As users turn more control over to agents, a larger portion of everyday online activity will be handled by machines instead of people, deepening the automated environment they encounter online.
“Online ecosystems follow incentives,” he said. “When fake engagement is cheap and rewarded, you don’t just have more bots. You have automated content production lines chasing clicks.”
This tension is already visible in real world usage. Earlier this month, Amazon sent a cease and desist at Perplexity after finding that its Comet browser was making purchases on the Amazon site by disguising automated agents as human buyers. Anthropic recently said it had blocked what it described as the first AI-led cyberattack, after Chinese state hackers used its Claude Code agent in attempted breaches of 30 companies.
The biggest risk to corporations and platforms, Das said, comes when AI agents are deployed in large numbers.
“When companies run fleets of these systems, you have millions of requests that behave like users,” he said. “It’s harder to see and harder to stop.”
AI-generated video is the next wave.

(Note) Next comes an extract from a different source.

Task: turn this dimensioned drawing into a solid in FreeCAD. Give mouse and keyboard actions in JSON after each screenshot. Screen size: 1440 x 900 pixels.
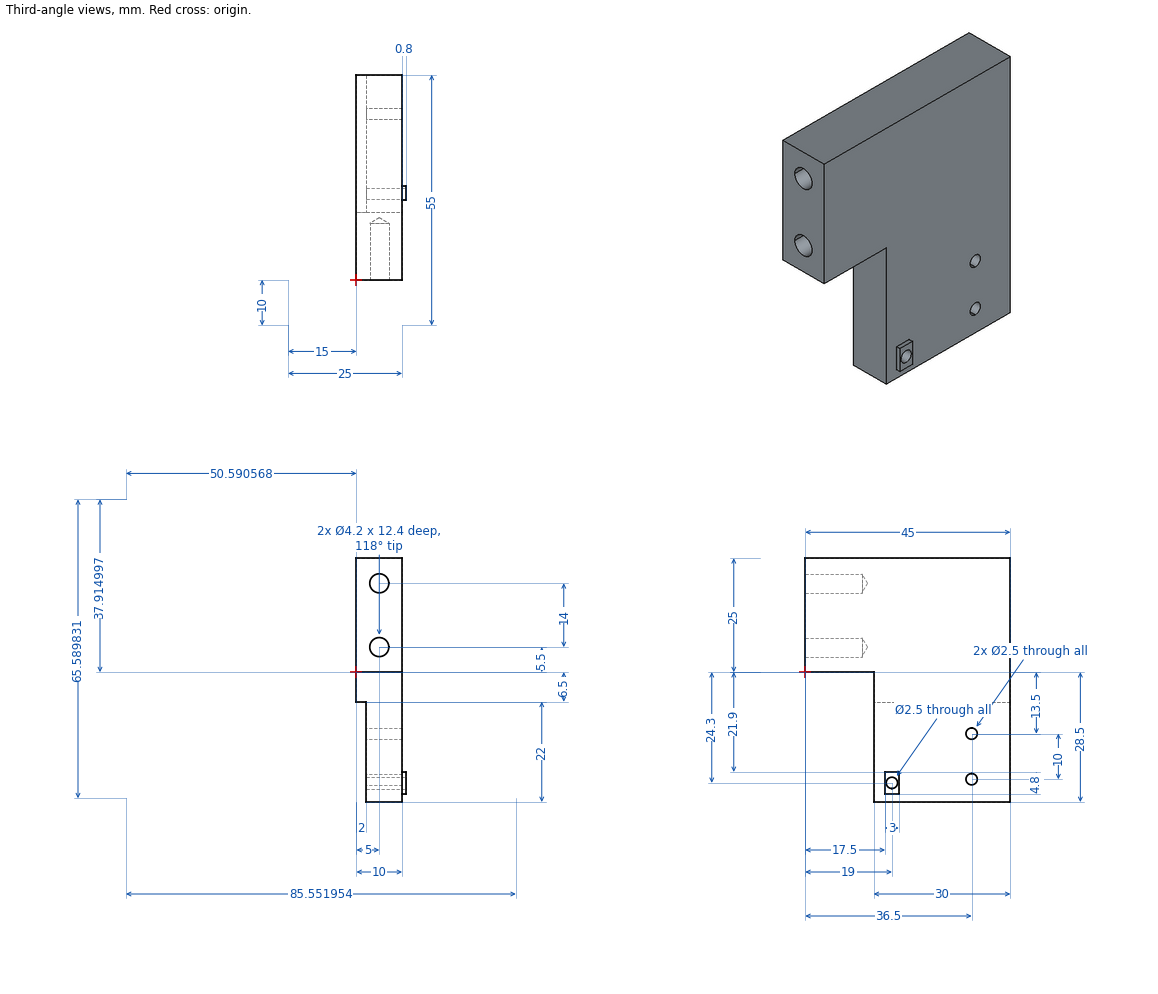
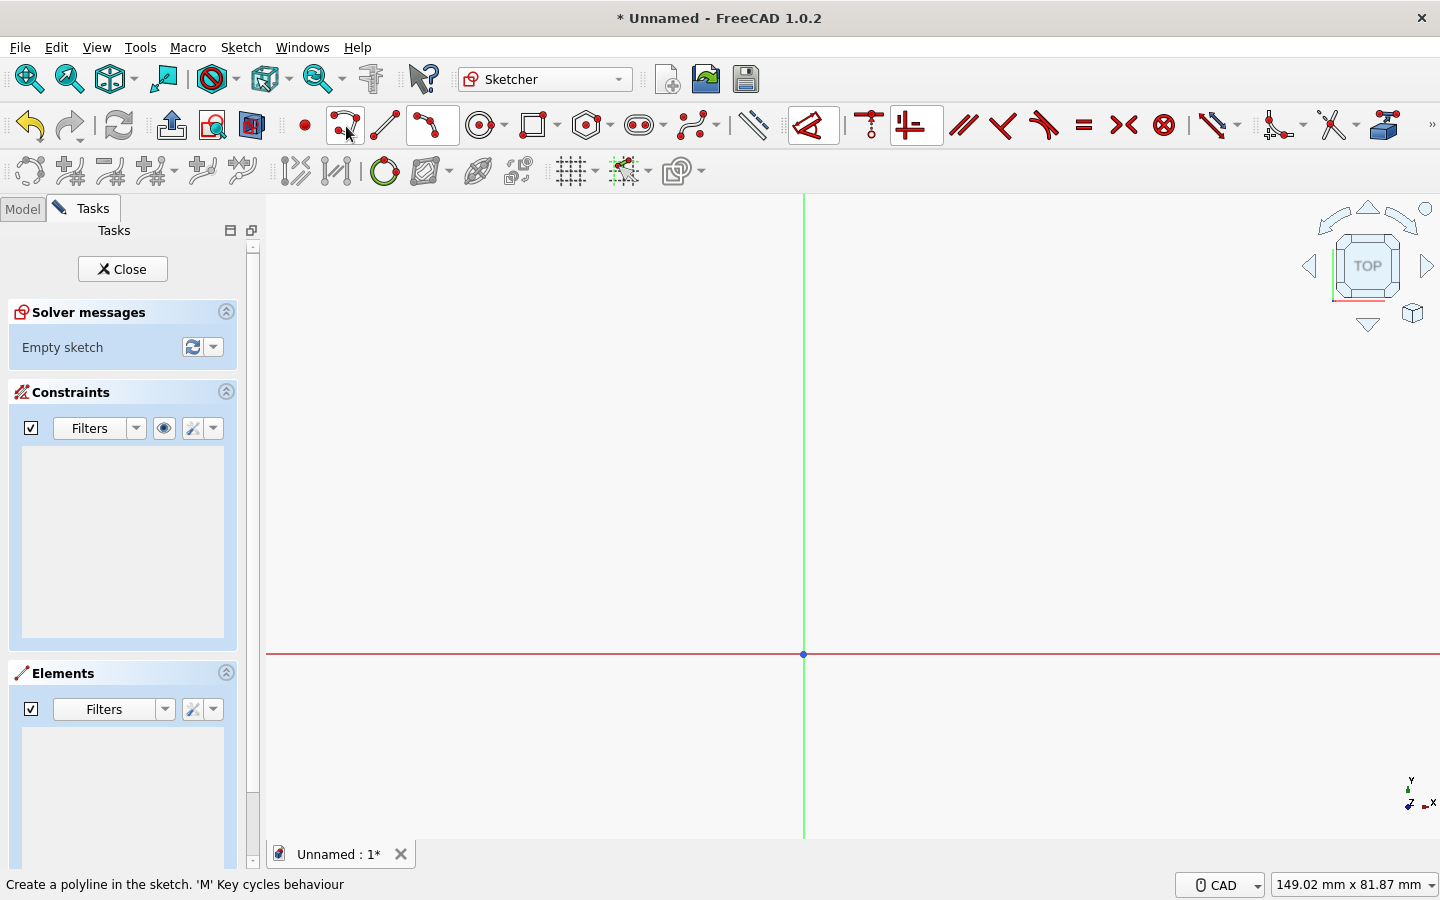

Tools like Sister 2 from OpenAI and Google I see 3 can produce realistic clips and deepfakes from text suggestions, adding to the volume of polished but synthetic content circulating on social platforms.
Both Murthy and Turvy agree that financial incentives are driving the flood of AI bots online, and proving personhood may become another challenge for AI to meet. “Humanity has become just another signal to fake to make money,” Turvy said. “What’s missing now is the mess that used to prove that someone was real.”
A growing number of blockchain projects, including world (at first worldcoin)Personality Test, and Human (ancient Gitcoin) Passport, systems are developed aimed at proving personality by linking online activity to a verified human.
“If you reward real creators and make fraud expensive, people will still have a place online,” Murthy said.